Unfortunately the interpretability of coefficient in the logistic regression is not straightforward, but we can make some observations by looking at the positive sign, telling us that the input feature does on average have a positive impact, contributing to a probability increase in survival rate when true.

# 3. Parameters in Sklearn

**Note:** in Sklearn, when we use LinearRegression, regularization of the input is applied by default.

<em>LogisticRegression</em> (<em>penalty</em>='l2', *, <em>dual</em>=False, <em>tol</em>=0.0001, <em>C</em>=1.0, <em>fit_intercept</em>=True, <em>intercept_scaling</em>=1, <em>class_weight</em>=None, <em>random_state</em>=None, <em>solver</em>='lbfgs', <em>max_iter</em>=100, <em>multi_class</em>='auto', <em>verbose</em>=0, <em>warm_start</em>=False, <em>n_jobs</em>=None, <em>l1_ratio</em>=None)

**Penalty refers to how mispredictions are penalized**. The possible options offered by sklearn are **"$\ell_2$", "$\ell_1$"** and **"elasticnet"**. The norm we should use depends on our endgoal. Using the l2 norm, we keep all of our coefficient, with the least significant ones dropping significantly in size. Using the l1 norm, we force the coefficients that are less significant to go to zero, which we then do not consider. On the other hand, elasticnet is a combination of the two, at the expense of more computational power needed, it is more flexible, which can be a pro, though it should be weighted with the risk of overfitting.

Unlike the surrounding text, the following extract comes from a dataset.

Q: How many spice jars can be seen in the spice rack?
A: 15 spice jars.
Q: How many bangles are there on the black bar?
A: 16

Expanding a little more on the topic, the mathematical structure of an $\ell_p$ norm is defined as $\ell_p = (\sum_{i}^{m} |{x_i^p}|)^{1/p}$, where p denoted the type of norm. In our case, the norm regularization is applied on our coefficient $\beta$ 's, thus we have that $$\ell_1 = ||\beta||_1 =\sum_{i}^{m} |\beta_i|$$ $$\ell_2 = ||\beta||_2 = (\sum_{i}^{m} |\beta_i^2|)^{1/2}$$ $$\ell_{elasticnet}=\alpha||\beta||_2 + (1-\alpha)||\beta||_1$$ where $$\alpha = \frac{\lambda_2}{(\lambda_1 + \lambda_2)}$$
<em>More infos on elasticnet can be found at https://web.stanford.edu/~hastie/TALKS/enet_talk.pdf</em>



**fit_intercept** is a boolean parameter deciding whether the intercept $\beta_0$ should be inserted in the model or not.

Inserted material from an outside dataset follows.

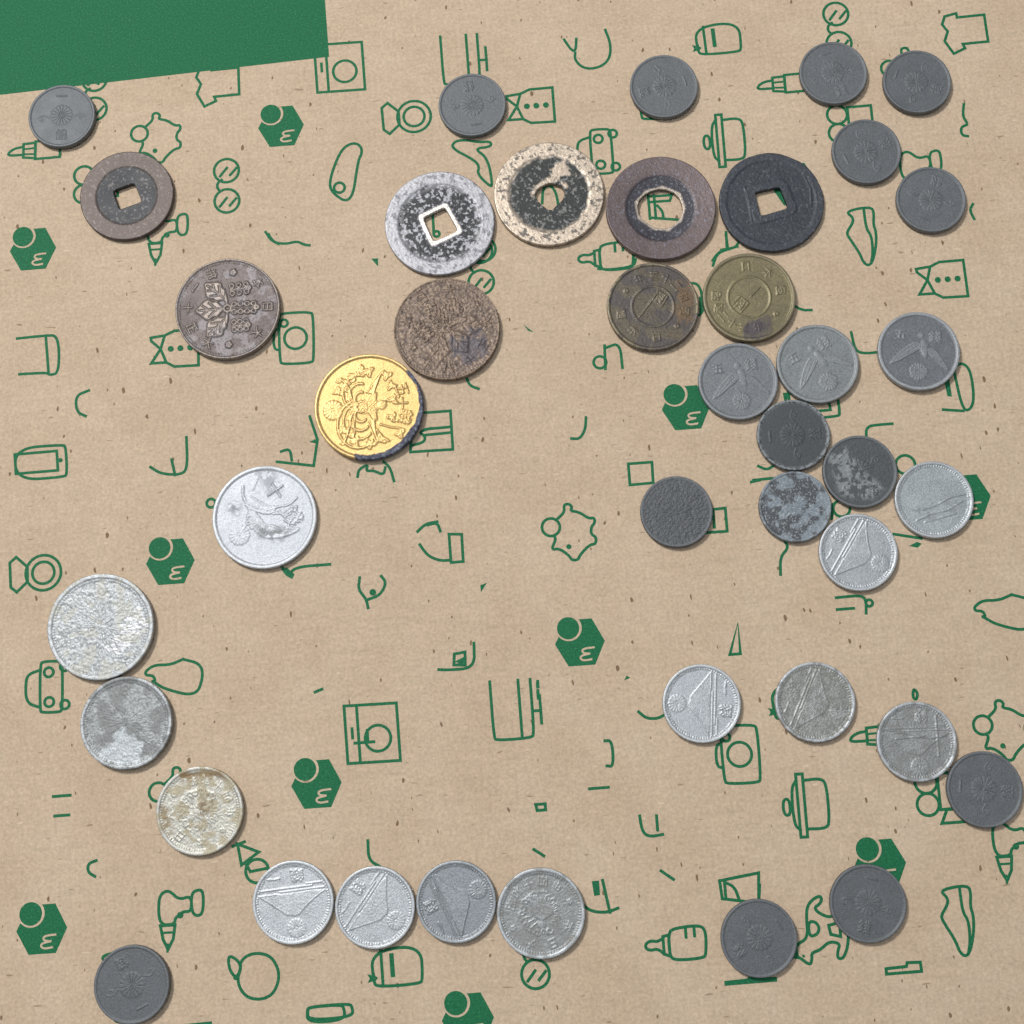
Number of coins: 41

**class_weight** referes to the balancing of the classes, when the class training data is skewed. For example if we're predicting a binary label 0 or 1, and the vast majority of our training dataset contains values classified as 1, having way less values classified at 0.

**random_state** is the random seed that shuffles the data. By fixing it, we are able to compare different models within constant subsets of data, eliminating differences originating by differences in subsets of data selected for the training.

**solver** refers to the algorithm used in the maximimation process. The decision should be made according to the size of the dataset and the amount of classes we want to predict.

**max_iter** refers to the number of maximum iterations of the algorithm we are able to tollerate. If the algorithm does not converge, theoretically should run forever. By setting a large yet reasonable amount of iterations we should be able to achieve close to convergence even if it will wiggle forever around the minimum of the optimization problem, yet never settling there specifically.

**multi_class** refers to the loss to be used in the particular case. If we are dealing with a multilabel classification we should change it to be "multinomial".